In [None]:
# 🔧 Setup: Run this cell first!
# Check GPU availability and install dependencies

import torch
import sys

# Check GPU
if torch.cuda.is_available():
    device = torch.device('cuda')
    print(f"✅ GPU available: {torch.cuda.get_device_name(0)}")
    print(f"   Memory: {torch.cuda.get_device_properties(0).total_memory / 1e9:.1f} GB")
else:
    device = torch.device('cpu')
    print("⚠️ No GPU detected. Some cells may run slowly.")
    print("   Go to Runtime → Change runtime type → GPU")

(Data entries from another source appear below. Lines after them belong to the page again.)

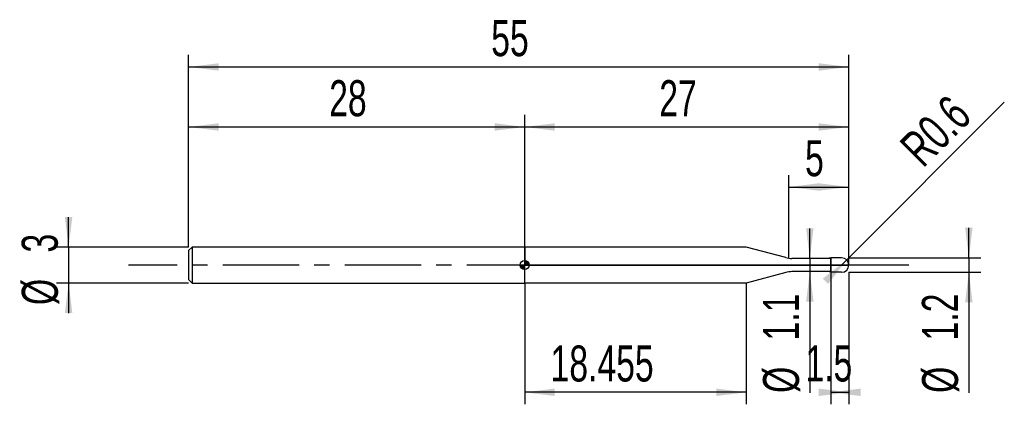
# Model space of a CAD drawing. Extents: x -14.1 to 68, y -11.6 to 20.4.
import ezdxf
from ezdxf.enums import TextEntityAlignment as Align

# ---------------------------------------------------------------- set-up
doc = ezdxf.new("R2010")
doc.units = 0
doc.linetypes.add('CENTER', pattern=[10.16, 6.35, -1.27, 1.27, -1.27])
doc.layers.get('0').update_dxf_attribs({"linetype": 'CONTINUOUS'})
for name, color, linetype in [('1', 4, 'CONTINUOUS'), ('2', 7, 'CONTINUOUS'), ('4', 2, 'CENTER'), ('CUT', 1, 'CONTINUOUS'), ('NOCUT', 7, 'CONTINUOUS'), ('SK1', 4, 'CONTINUOUS'), ('SK2', 7, 'CONTINUOUS'), ('SK4', 2, 'CENTER')]:
    doc.layers.add(name, color=color, linetype=linetype)
doc.dimstyles.new('SLDDIMSTYLE0', dxfattribs={"dimtxt": 3, "dimasz": 2.5, "dimexe": 0, "dimexo": 0.0625, "dimgap": 0.75, "dimtad": 1, "dimrnd": 1e-09, "dimzin": 12, "dimsah": 1, "dimcen": 0.09, "dimazin": 3, "dimtfac": 1, "dimtofl": 0, "dimtmove": 0, "dimatfit": 3})
doc.dimstyles.new('SLDDIMSTYLE1', dxfattribs={"dimtxt": 3, "dimasz": 2.5, "dimexe": 0, "dimexo": 0.0625, "dimgap": 0.75, "dimtad": 1, "dimrnd": 1e-09, "dimzin": 12, "dimsah": 1, "dimcen": 0.09, "dimazin": 3, "dimtfac": 1, "dimtmove": 0, "dimatfit": 3})
doc.dimstyles.new('SLDDIMSTYLE2', dxfattribs={"dimtxt": 3, "dimasz": 2.5, "dimexe": 0, "dimexo": 0.0625, "dimgap": 0.75, "dimtad": 1, "dimrnd": 1e-09, "dimsah": 1, "dimcen": 0, "dimazin": 3, "dimtfac": 1, "dimtofl": 0, "dimtmove": 0, "dimatfit": 3})

# ---------------------------------------------------------------- blocks, each defined once
blk = doc.blocks.new('_D')
at = {"layer": '2'}
for p, q in [((53.5, -0.6), (53.5, -11.6)), ((55, -0.6), (55, -11.6)), ((53.5, -10.6), (55, -10.6))]:
    blk.add_line(p, q, dxfattribs=at)
for points in [[(55, -10.6), (52.5, -10.29), (52.5, -10.91)], [(53.5, -10.6), (56, -10.91), (56, -10.29)]]:
    blk.add_solid(points, dxfattribs=at)
at = {"layer": '2', "width": 0.7}
blk.add_text('1.5', height=3, dxfattribs=at).set_placement((51.385, -10.6), align=Align.BOTTOM_LEFT)
blk = doc.blocks.new('_D_1')
at = {"layer": '2'}
for p, q in [((65, 0.6), (65, 3.1)), ((55, 0.6), (66, 0.6)), ((65, 0.6), (65, -0.6)), ((55, -0.6), (66, -0.6)), ((65, -0.6), (65, -10.652))]:
    blk.add_line(p, q, dxfattribs=at)
for points in [[(65, 0.6), (65.31, 3.1), (64.69, 3.1)], [(65, -0.6), (64.69, -3.1), (65.31, -3.1)]]:
    blk.add_solid(points, dxfattribs=at)
at = {"layer": '2', "width": 0.7}
for s, p in [('1.2', (64.992, -6.278)), ('%%c', (65, -10.652))]:
    blk.add_text(s, height=3, rotation=90, dxfattribs=at).set_placement(p, align=Align.BOTTOM_LEFT)
blk = doc.blocks.new('_D_2')
at = {"layer": '2'}
for p, q in [((28, -1.5), (28, -11.6)), ((46.455, -1.5), (46.455, -11.6)), ((46.455, -10.6), (28, -10.6))]:
    blk.add_line(p, q, dxfattribs=at)
for points in [[(28, -10.6), (30.5, -10.91), (30.5, -10.29)], [(46.455, -10.6), (43.955, -10.29), (43.955, -10.91)]]:
    blk.add_solid(points, dxfattribs=at)
at = {"layer": '2', "width": 0.7}
blk.add_text('18.455', height=3, dxfattribs=at).set_placement((30.153, -10.6), align=Align.BOTTOM_LEFT)
blk = doc.blocks.new('_D_3')
at = {"layer": '2'}
for p, q in [((50, 0.55), (50, 7.5)), ((55, 0.55), (55, 7.5)), ((50, 6.5), (55, 6.5))]:
    blk.add_line(p, q, dxfattribs=at)
for points in [[(50, 6.5), (52.5, 6.19), (52.5, 6.81)], [(55, 6.5), (52.5, 6.81), (52.5, 6.19)]]:
    blk.add_solid(points, dxfattribs=at)
at = {"layer": '2', "width": 0.7}
blk.add_text('5', height=3, dxfattribs=at).set_placement((51.354, 6.5), align=Align.BOTTOM_LEFT)
blk = doc.blocks.new('_D_4')
at = {"layer": '2'}
for p, q in [((51.75, 0.55), (51.75, 3.05)), ((53.5, 0.55), (50.75, 0.55)), ((51.75, 0.55), (51.75, -0.55)), ((53.5, -0.55), (50.75, -0.55)), ((51.75, -0.55), (51.75, -10.652))]:
    blk.add_line(p, q, dxfattribs=at)
for points in [[(51.75, 0.55), (52.06, 3.05), (51.44, 3.05)], [(51.75, -0.55), (51.44, -3.05), (52.06, -3.05)]]:
    blk.add_solid(points, dxfattribs=at)
at = {"layer": '2', "width": 0.7}
for s, p in [('1.1', (51.742, -6.278)), ('%%c', (51.75, -10.652))]:
    blk.add_text(s, height=3, rotation=90, dxfattribs=at).set_placement(p, align=Align.BOTTOM_LEFT)
blk = doc.blocks.new('_D_5')
at = {"layer": '2'}
for q in [(67.955, 13.555), (54.4, 0)]:
    blk.add_line((54.824, 0.424), q, dxfattribs=at)
blk.add_solid([(54.824, 0.424), (52.837, -1.124), (53.276, -1.563)], dxfattribs=at)
at = {"layer": '2', "width": 0.7}
blk.add_text('R0.6', height=3, rotation=45, dxfattribs=at).set_placement((61.819, 7.381), align=Align.BOTTOM_LEFT)
blk = doc.blocks.new('_D_6')
at = {"layer": 'SK2'}
for p, q in [((0, 1.5), (0, 17.5)), ((55, 1.5), (55, 17.5)), ((0, 16.5), (55, 16.5))]:
    blk.add_line(p, q, dxfattribs=at)
for points in [[(0, 16.5), (2.5, 16.19), (2.5, 16.81)], [(55, 16.5), (52.5, 16.81), (52.5, 16.19)]]:
    blk.add_solid(points, dxfattribs=at)
at = {"layer": 'SK2', "width": 0.7}
blk.add_text('55', height=3, dxfattribs=at).set_placement((25.208, 16.5), align=Align.BOTTOM_LEFT)
blk = doc.blocks.new('_D_7')
at = {"layer": 'SK2'}
for p, q in [((0, 1.5), (0, 12.5)), ((28, 1.5), (28, 12.5)), ((0, 11.5), (28, 11.5))]:
    blk.add_line(p, q, dxfattribs=at)
for points in [[(0, 11.5), (2.5, 11.19), (2.5, 11.81)], [(28, 11.5), (25.5, 11.81), (25.5, 11.19)]]:
    blk.add_solid(points, dxfattribs=at)
at = {"layer": 'SK2', "width": 0.7}
blk.add_text('28', height=3, dxfattribs=at).set_placement((11.708, 11.5), align=Align.BOTTOM_LEFT)
blk = doc.blocks.new('_D_8')
at = {"layer": 'SK2'}
for p, q in [((28, 0), (28, 12.5)), ((55, 0), (55, 12.5)), ((28, 11.5), (55, 11.5))]:
    blk.add_line(p, q, dxfattribs=at)
for points in [[(28, 11.5), (30.5, 11.19), (30.5, 11.81)], [(55, 11.5), (52.5, 11.81), (52.5, 11.19)]]:
    blk.add_solid(points, dxfattribs=at)
at = {"layer": 'SK2', "width": 0.7}
blk.add_text('27', height=3, dxfattribs=at).set_placement((39.208, 11.5), align=Align.BOTTOM_LEFT)
blk = doc.blocks.new('_D_9')
at = {"layer": 'SK2'}
for p, q in [((-10, 1.5), (-10, 4)), ((0, 1.5), (-11, 1.5)), ((-10, 1.5), (-10, -1.5)), ((0, -1.5), (-11, -1.5)), ((-10, -1.5), (-10, -4))]:
    blk.add_line(p, q, dxfattribs=at)
for points in [[(-10, 1.5), (-9.69, 4), (-10.31, 4)], [(-10, -1.5), (-10.31, -4), (-9.69, -4)]]:
    blk.add_solid(points, dxfattribs=at)
at = {"layer": 'SK2', "width": 0.7}
for s, p in [('3', (-10.008, 1.041)), ('%%c', (-10, -3.333))]:
    blk.add_text(s, height=3, rotation=90, dxfattribs=at).set_placement(p, align=Align.BOTTOM_LEFT)
blk = doc.blocks.new('*U12')
at = {"color": 0, "linetype": 'CONTINUOUS'}
for points in [[(0, 0), (0, 0.375), (0.073, 0)], [(0.073, 0), (0, 0.375), (0.073, 0.368)], [(0.073, 0), (0.073, 0.368), (0.144, 0)], [(0.144, 0), (0.073, 0.368), (0.144, 0.346)], [(0.144, 0), (0.144, 0.346), (0.208, 0)], [(0.208, 0), (0.144, 0.346), (0.208, 0.312)], [(0.208, 0), (0.208, 0.312), (0.265, 0)], [(0.265, 0), (0.208, 0.312), (0.265, 0.265)], [(0.265, 0), (0.265, 0.265), (0.312, 0)], [(0.312, 0), (0.265, 0.265), (0.312, 0.208)], [(0.312, 0), (0.312, 0.208), (0.346, 0)], [(0.346, 0), (0.312, 0.208), (0.346, 0.144)], [(0.346, 0), (0.346, 0.144), (0.368, 0)], [(0.368, 0), (0.346, 0.144), (0.368, 0.073)], [(0.368, 0), (0.368, 0.073), (0.375, 0)]]:
    blk.add_solid(points, dxfattribs=at)
blk = doc.blocks.new('*U13')
at = {"color": 0, "linetype": 'CONTINUOUS'}
for points in [[(-0.369, -0.065), (-0.375, 0), (-0.369, 0)], [(-0.369, -0.065), (-0.369, 0), (-0.352, -0.128)], [(-0.352, -0.128), (-0.369, 0), (-0.352, 0)], [(-0.352, -0.128), (-0.352, 0), (-0.325, -0.188)], [(-0.325, -0.188), (-0.352, 0), (-0.325, 0)], [(-0.325, -0.188), (-0.325, 0), (-0.287, -0.241)], [(-0.287, -0.241), (-0.325, 0), (-0.287, 0)], [(-0.287, -0.241), (-0.287, 0), (-0.241, -0.287)], [(-0.241, -0.287), (-0.287, 0), (-0.241, 0)], [(-0.241, -0.287), (-0.241, 0), (-0.188, -0.325)], [(-0.188, -0.325), (-0.241, 0), (-0.188, 0)], [(-0.188, -0.325), (-0.188, 0), (-0.128, -0.352)], [(-0.128, -0.352), (-0.188, 0), (-0.128, 0)], [(-0.128, -0.352), (-0.128, 0), (-0.065, -0.369)], [(-0.065, -0.369), (-0.128, 0), (-0.065, 0)], [(-0.065, -0.369), (-0.065, 0), (0, -0.375)], [(0, -0.375), (-0.065, 0), (0, 0)]]:
    blk.add_solid(points, dxfattribs=at)
blk = doc.blocks.new('SW_DOWELSYMBOL_0')
at = {"layer": 'SK1', "color": 0}
blk.add_circle((0, 0), 0.375, dxfattribs=at)
at = {"color": 0, "linetype": 'CONTINUOUS'}
for name in ['*U13', '*U12']:
    blk.add_blockref(name, (0, 0), dxfattribs=at)

msp = doc.modelspace()

# ---------------------------------------------------------------- linework, layer by layer
at = {"layer": '1'}
for p, q in [((46.455, 1.5), (28, 1.5)), ((28, 1.5), (28, 0)), ((49.746, 0.618), (46.455, 1.5)), ((28, -1.5), (28, 0)), ((53.216, 0.55), (50.263, 0.55)), ((53.5, 0.6), (53.216, 0.55)), ((54.4, 0.6), (53.5, 0.6)), ((53.5, 0.6), (53.5, 0)), ((53.5, 0), (53.5, 0.6)), ((53.5, -0.6), (53.5, 0)), ((53.5, 0), (53.5, -0.6)), ((49.746, -0.618), (46.455, -1.5)), ((53.216, -0.55), (50.263, -0.55)), ((53.5, -0.6), (53.216, -0.55)), ((54.4, -0.6), (53.5, -0.6)), ((46.455, -1.5), (28, -1.5))]:
    msp.add_line(p, q, dxfattribs=at)
for centre, radius, start, end in [((50.263, 2.55), 2, 255, 270), ((54.4, 0), 0.6, 0, 90), ((54.4, 0), 0.6, 270, 0), ((50.263, -2.55), 2, 90, 105)]:
    msp.add_arc(centre, radius, start, end, dxfattribs=at)
at = {"layer": '4'}
msp.add_line((55, 0), (28, 0), dxfattribs=at)
at = {"layer": 'CUT'}
for p, q in [((54.4, 0.6), (53.5, 0.6)), ((53.5, 0.6), (53.5, 0)), ((53.5, 0), (55, 0))]:
    msp.add_line(p, q, dxfattribs=at)
msp.add_arc((54.4, 0), 0.6, 0, 90, dxfattribs=at)
at = {"layer": 'NOCUT'}
for p, q in [((46.455, 1.5), (28, 1.5)), ((28, 1.5), (28, 0)), ((49.746, 0.618), (46.455, 1.5)), ((28, 0), (53.5, 0)), ((53.216, 0.55), (50.263, 0.55)), ((53.5, 0.6), (53.216, 0.55)), ((53.5, 0), (53.5, 0.6))]:
    msp.add_line(p, q, dxfattribs=at)
msp.add_arc((50.263, 2.55), 2, 255, 270, dxfattribs=at)
at = {"layer": 'SK1'}
for p, q in [((0.3, 1.5), (0, 1.2)), ((0, 1.2), (0, 0)), ((28, 1.5), (0.3, 1.5)), ((0.3, 1.5), (0.3, -1.5)), ((0, 0), (0, -1.2)), ((0, -1.2), (0.3, -1.5)), ((0.3, -1.5), (28, -1.5))]:
    msp.add_line(p, q, dxfattribs=at)
msp.add_circle((28, 0), 0.375, dxfattribs=at)
at = {"layer": 'SK4'}
msp.add_line((60, 0), (-5, 0), dxfattribs=at)

# ---------------------------------------------------------------- block references
at = {"layer": 'SK1'}
msp.add_blockref('SW_DOWELSYMBOL_0', (28, 0), dxfattribs=at)

# ---------------------------------------------------------------- texts
at = {"layer": 'SK2', "width": 0.7}
msp.add_text('AP1', height=0.05, dxfattribs=at).set_placement((28, -0.018), align=Align.BOTTOM_LEFT)

# ---------------------------------------------------------------- dimensions: what is measured, and where the dimension line sits
at = {"layer": '2'}
dim = msp.add_radius_dim(center=(54.4, 0), mpoint=(54.824, 0.424), dimstyle='SLDDIMSTYLE2', dxfattribs=at)
dim.commit()
dim.dimension.update_dxf_attribs({"geometry": '_D_5', "text_midpoint": (65, 10.6), "dimtype": 164})
for base, p1, p2, picture, middle in [((55, 6.5), (50, 0.55), (55, 0.55), '_D_3', (52.5, 6.5)), ((55, -10.6), (53.5, -0.6), (55, -0.6), '_D', (54.25, -10.6)), ((28, -10.6), (46.455, -1.5), (28, -1.5), '_D_2', (36.455, -10.6))]:
    dim = msp.add_linear_dim(base=base, p1=p1, p2=p2, dimstyle='SLDDIMSTYLE0', dxfattribs=at)
    dim.commit()
    dim.dimension.update_dxf_attribs({"geometry": picture, "text_midpoint": middle, "dimtype": 160})
for base, p1, p2, picture, middle in [((51.75, -0.55), (53.5, 0.55), (53.5, -0.55), '_D_4', (51.75, -5.6)), ((65, -0.6), (55, 0.6), (55, -0.6), '_D_1', (65, -5.6))]:
    dim = msp.add_linear_dim(base=base, p1=p1, p2=p2, angle=90, text='%%c<>', dimstyle='SLDDIMSTYLE1', dxfattribs=at)
    dim.commit()
    dim.dimension.update_dxf_attribs({"geometry": picture, "text_midpoint": middle, "dimtype": 160})
at = {"layer": 'SK2'}
for base, p1, p2, picture, middle in [((55, 16.5), (0, 1.5), (55, 1.5), '_D_6', (27.5, 16.5)), ((28, 11.5), (0, 1.5), (28, 1.5), '_D_7', (14, 11.5)), ((55, 11.5), (28, 0), (55, 0), '_D_8', (41.5, 11.5))]:
    dim = msp.add_linear_dim(base=base, p1=p1, p2=p2, dimstyle='SLDDIMSTYLE0', dxfattribs=at)
    dim.commit()
    dim.dimension.update_dxf_attribs({"geometry": picture, "text_midpoint": middle, "dimtype": 160})
dim = msp.add_linear_dim(base=(-10, -1.5), p1=(0, 1.5), p2=(0, -1.5), angle=90, text='%%c<>', dimstyle='SLDDIMSTYLE1', dxfattribs=at)
dim.commit()
dim.dimension.update_dxf_attribs({"geometry": '_D_9', "text_midpoint": (-10, 0), "dimtype": 160})

doc.saveas('drawing.dxf')

print(f"\n📦 Python {sys.version.split()[0]}")
print(f"🔥 PyTorch {torch.__version__}")

# Set random seeds for reproducibility
import random
import numpy as np

SEED = 42
random.seed(SEED)
np.random.seed(SEED)
torch.manual_seed(SEED)
if torch.cuda.is_available():
    torch.cuda.manual_seed_all(SEED)

print(f"🎲 Random seed set to {SEED}")

%matplotlib inline

# Token Alignment and Multi-Head Cross-Attention

**Vizuara AI** | Cross-Attention & Token Alignment Series — Notebook 2 of 3

In Notebook 1, we built cross-attention from scratch. But we assumed that text and image tokens lived in the **same** embedding space. In practice, a Vision Transformer produces 768-dimensional patch embeddings while a language model might use 4096 dimensions. They are incompatible.

In this notebook, we will:
1. Solve the **token alignment problem** with projection layers
2. Implement **multi-head cross-attention** where different heads attend to different image regions
3. Visualize how each head specializes

In [None]:
import torch
import torch.nn as nn
import torch.nn.functional as F
import matplotlib.pyplot as plt
import numpy as np
import math

%matplotlib inline

device = torch.device("cuda" if torch.cuda.is_available() else "cpu")
print(f"Using device: {device}")
torch.manual_seed(42)
np.random.seed(42)

## 1. Why Does This Matter?

Real vision-language models face a fundamental incompatibility:
- A **ViT-B/16** produces patch tokens in $\mathbb{R}^{768}$
- **LLaMA-7B** works in $\mathbb{R}^{4096}$

You cannot compute $QK^\top$ when Q is 4096-dimensional and K is 768-dimensional — the dot product requires matching dimensions.

Token alignment solves this: a learned projection maps image tokens from the vision space into the language space.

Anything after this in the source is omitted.